Children with disability
Cerebral Palsy is considered a neurological disorder caused by non-progressive brain malformation or injury that occurs during a child’s brain development period.
This is why Cessar Jr. has difficulties with body movement and muscle coordination.
This, however, doesn’t make him less of a boy.
It doesn’t make him less of a learner.
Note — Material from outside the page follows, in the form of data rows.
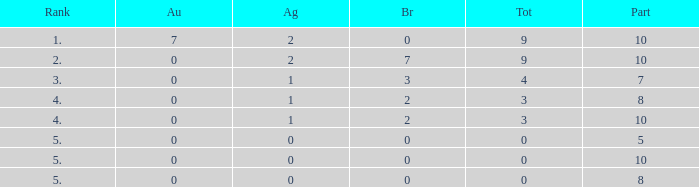What is listed as the highest Participants that also have a Rank of 5, and Silver that's smaller than 0? None. 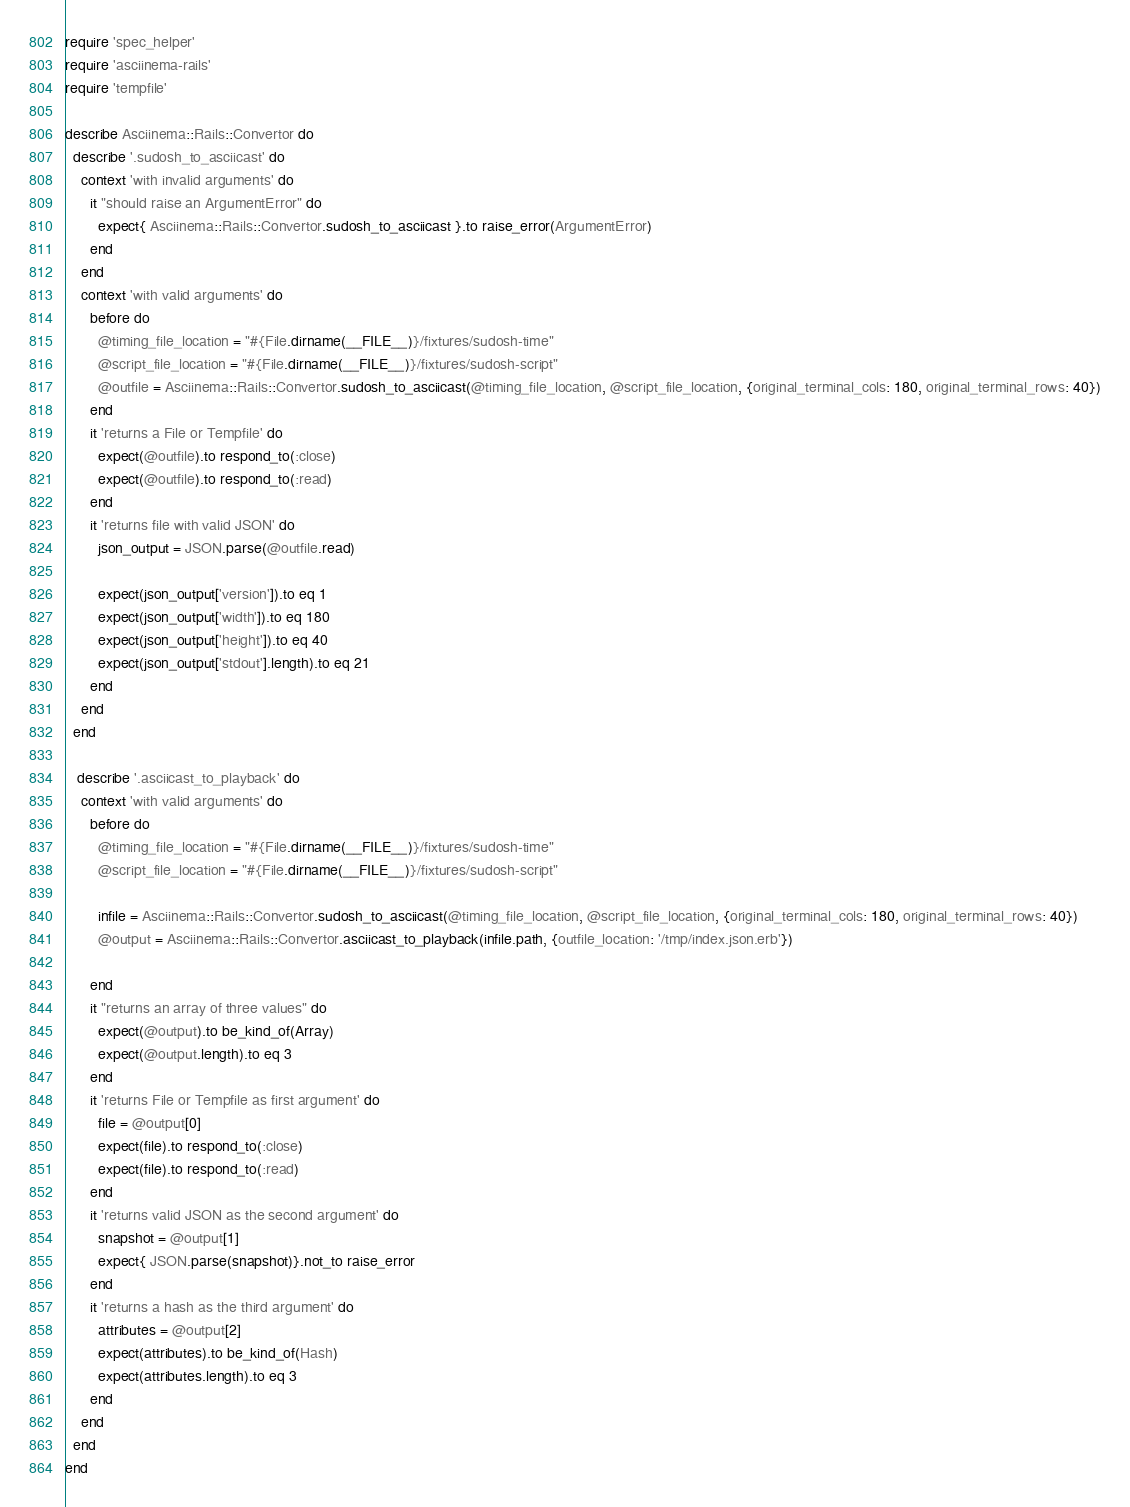Convert code to text. <code><loc_0><loc_0><loc_500><loc_500><_Ruby_>require 'spec_helper'
require 'asciinema-rails'
require 'tempfile'

describe Asciinema::Rails::Convertor do
  describe '.sudosh_to_asciicast' do
    context 'with invalid arguments' do
      it "should raise an ArgumentError" do
        expect{ Asciinema::Rails::Convertor.sudosh_to_asciicast }.to raise_error(ArgumentError)
      end
    end
    context 'with valid arguments' do
      before do
        @timing_file_location = "#{File.dirname(__FILE__)}/fixtures/sudosh-time"
        @script_file_location = "#{File.dirname(__FILE__)}/fixtures/sudosh-script"
        @outfile = Asciinema::Rails::Convertor.sudosh_to_asciicast(@timing_file_location, @script_file_location, {original_terminal_cols: 180, original_terminal_rows: 40})
      end
      it 'returns a File or Tempfile' do
        expect(@outfile).to respond_to(:close)
        expect(@outfile).to respond_to(:read)
      end
      it 'returns file with valid JSON' do
        json_output = JSON.parse(@outfile.read)
        
        expect(json_output['version']).to eq 1
        expect(json_output['width']).to eq 180
        expect(json_output['height']).to eq 40
        expect(json_output['stdout'].length).to eq 21
      end
    end
  end

   describe '.asciicast_to_playback' do
    context 'with valid arguments' do
      before do
        @timing_file_location = "#{File.dirname(__FILE__)}/fixtures/sudosh-time"
        @script_file_location = "#{File.dirname(__FILE__)}/fixtures/sudosh-script"
        
        infile = Asciinema::Rails::Convertor.sudosh_to_asciicast(@timing_file_location, @script_file_location, {original_terminal_cols: 180, original_terminal_rows: 40})
        @output = Asciinema::Rails::Convertor.asciicast_to_playback(infile.path, {outfile_location: '/tmp/index.json.erb'})
        
      end
      it "returns an array of three values" do
        expect(@output).to be_kind_of(Array) 
        expect(@output.length).to eq 3
      end
      it 'returns File or Tempfile as first argument' do
        file = @output[0]
        expect(file).to respond_to(:close)
        expect(file).to respond_to(:read)
      end
      it 'returns valid JSON as the second argument' do
        snapshot = @output[1]
        expect{ JSON.parse(snapshot)}.not_to raise_error    
      end
      it 'returns a hash as the third argument' do
        attributes = @output[2]
        expect(attributes).to be_kind_of(Hash) 
        expect(attributes.length).to eq 3
      end
    end
  end
end
</code> 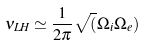<formula> <loc_0><loc_0><loc_500><loc_500>\nu _ { L H } \simeq \frac { 1 } { 2 \pi } \sqrt { ( } \Omega _ { i } \Omega _ { e } )</formula>

In fact, Cessar Jr. is in school.
Not all Filipino children with disability, however, have access to education like Cessar Jr.
As of 2010, there were 375,952 recorded school-age children with disabilities in the Philippines, the National Census showed.
But only 1 in every 3 of these children is in school.
Cessar Jr. is part of Save the Children’s KASALI project, which provides inclusive education to children with disability.
We believe that all children have the right to learn, free from discrimination and abuse.
“All the differences we have – may it be in ability, disability, culture, race, religion, gender – are just basically parts of human diversity,” said Kim Agravante, KASALI’s Project Officer.
“And we should learn to accept and appreciate our differences,” Kim continued. “Because from this, we learn better, we live better, and we learn to work together as a community.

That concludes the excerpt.